A Wisconsin Dells native whose loss of a coin flip kept him off the plane that dropped the atomic bomb on Hiroshima has died in Albuquerque, N.M., at the age of 92.
Leon D. Smith left UW-Madison as a student and was drafted into the Army in 1943. Two years later, he was an electrical engineer and one of three "weaponeers" on the Pacific island of Tinian preparing the atomic bombs "Little Boy" and "Fat Man" for delivery.
He played an integral part in assembling the bombs that ended the war, having transferred from the Army to the Army Air Force after suffering extensive hearing loss. The transfer and his UW-Madison background in electrical engineering placed him on the Manhattan Project, where he was assigned to the Army Air Force's 509th Composite Group, specifically training to deliver the atomic bomb.
That sent him to Yale, Harvard and finally to the Massachusetts Institute for Technology, according to news obituaries published this week in the Albuquerque Journal and a Sandia National Laboratories bulletin.

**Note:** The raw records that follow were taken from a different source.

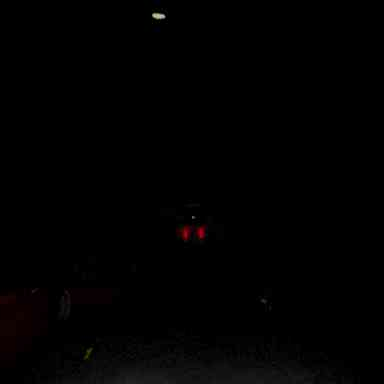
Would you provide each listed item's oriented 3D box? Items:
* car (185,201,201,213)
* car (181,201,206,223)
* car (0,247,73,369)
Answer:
[{"bbox_3d":[0.148,1.973,45.246,2.128,1.511,4.902,0,-1,1],"label":"car"},{"bbox_3d":[0.104,1.728,27.561,2.128,1.511,4.902,0,0,0],"label":"car"},{"bbox_3d":[-3.071,1.552,4.396,1.812,1.442,4.674,0,0,0],"label":"car"}]
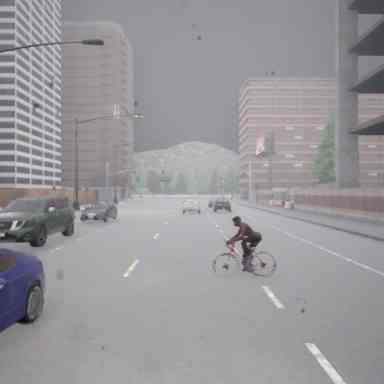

Smith would tell the story many times: After a series of secret tests dropping bomb cases, he and two other weaponeers were relocated to the Pacific. For the Aug. 6 mission, Smith and Morris Jeppson flipped a coin to decide who would travel on the B-29 Enola Gay to Hiroshima.
The three men flipped coins to decide who would monitor the first atomic bombs on the Hiroshima and Nagasaki missions. Jeppson flew on the Enola Gay for the Hiroshima mission, Phil Barnes rode in Bockscar for the Nagasaki mission and Smith flew to Iwo Jima as backup for those missions in case one of the others could not perform his task. A weaponeer was required to go on the flights to connect the bomb to the aircraft wiring system and move it from safe to armed.
Smith designed and built the highly complex electronic flight test box units that monitored the bombs inside the planes. The next year, post-war, Smith flew inside Dave's Dream and armed the atomic bomb that was dropped on Bikini Atoll in the Pacific as part of Operation Crossroads.
(That B-29 was piloted by another Wisconsin native and UW-Madison student, Maj. Woodrow Swancutt. Swancutt was well known on campus as the winner of two NCAA boxing championships.)
According to UW-Madison registrar records, Smith left the university in August 1942 and returned for the fall 1946 semester. He received a B.S. in electrical engineering in March 1947. Smith went to Sandia National Laboratories in 1947 as an engineer of a bomb fuzing group. He was promoted to director in 1961.
The Baraboo News Republic contributed to this report.